We were not alone. Dozens of out-of-state volunteers were converging on Democratic headquarters in York, which, with no apparent irony, was located on the first floor of a structure called the Rich Executive Building, just across from the county courthouse. We signed in , were issued clipboards and a packet, and then directed toward the room where we would get our instructions.
The instructions were already underway by the time we squeezed in, so I didn't get the name of the person explaining how to canvass and fill out the forms (see picture above). She was black and, judging by her dress and accent, a Muslim immigrant. That gave her four very good reasons to oppose Donald Trump. She told us that we would be the second wave of canvassers going through York in the morning; an earlier crew had already rung the doorbells in our assigned routes.

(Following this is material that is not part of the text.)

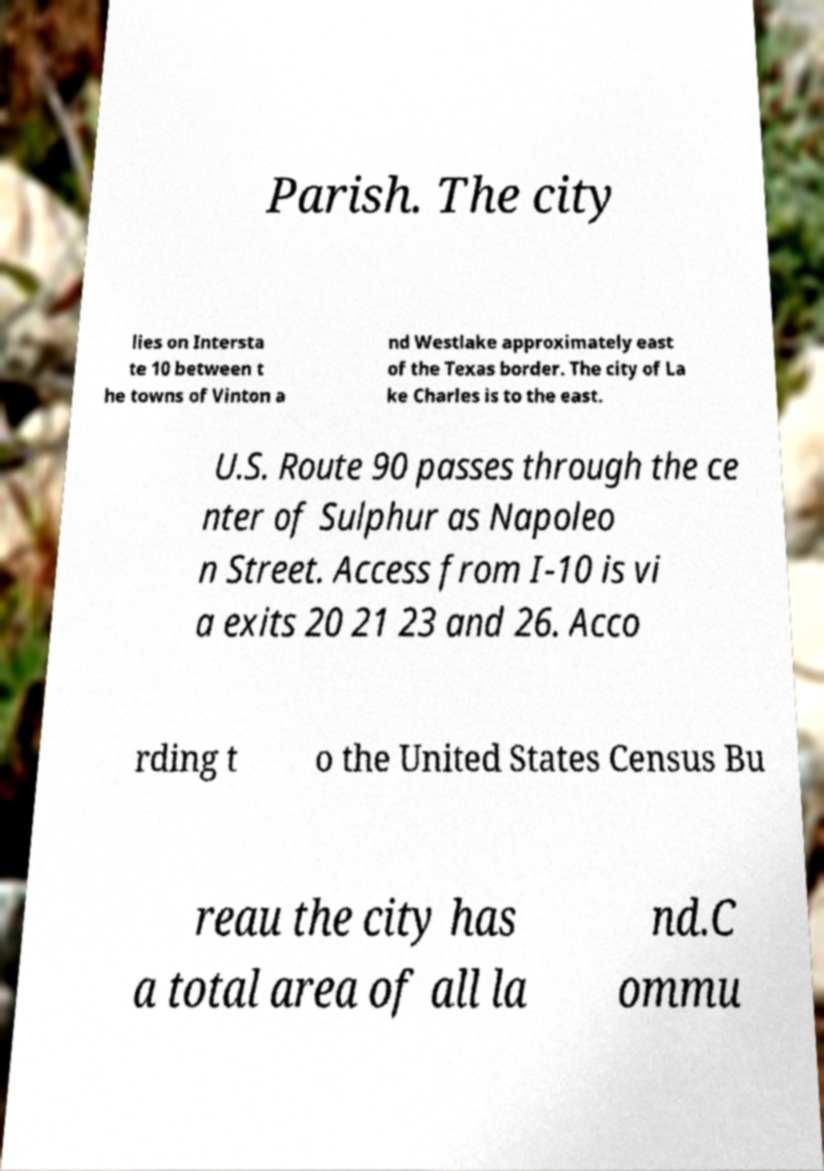Could you extract and type out the text from this image? Parish. The city lies on Intersta te 10 between t he towns of Vinton a nd Westlake approximately east of the Texas border. The city of La ke Charles is to the east. U.S. Route 90 passes through the ce nter of Sulphur as Napoleo n Street. Access from I-10 is vi a exits 20 21 23 and 26. Acco rding t o the United States Census Bu reau the city has a total area of all la nd.C ommu 
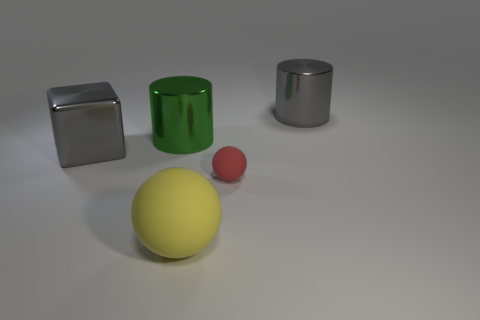Add 5 gray things. How many objects exist? 10 Subtract all red balls. How many balls are left? 1 Subtract 1 gray blocks. How many objects are left? 4 Subtract all blocks. How many objects are left? 4 Subtract 1 blocks. How many blocks are left? 0 Subtract all red balls. Subtract all blue cylinders. How many balls are left? 1 Subtract all blue balls. How many gray cylinders are left? 1 Subtract all balls. Subtract all gray things. How many objects are left? 1 Add 4 metal things. How many metal things are left? 7 Add 3 gray blocks. How many gray blocks exist? 4

That suggested that reports about the thoroughness of the Democrats' ground game were not exaggerated. We were going to be the among the last of many canvassers in York. People in prior weeks had already knocked on doors, identifying likely Democratic voters. We were assigned to a neighborhood of row houses near the center of York. Our job was to remind people to go to the polls, to identify the ones who were on the list of likely Democratic voters who had not yet voted, and to offer help in getting to the polling place.
It turned out that we didn't do much of that. Predictably enough, no one answered the knock on most doors we tried. It was the middle of the day and people in this precinct were working. A few people told us, in either English and Spanish, that they'd be voting later. Some said they'd already voted and somehow, their names had not been checked off our list.At most houses, all we could do we leave a sticker on the door, reminding people it was Election Day.
It wasn't much. But if, God forbid, Donald Trump wins this election and unleashes his malignant ego on this country, we at least will be able to say that we made an effort to defeat him.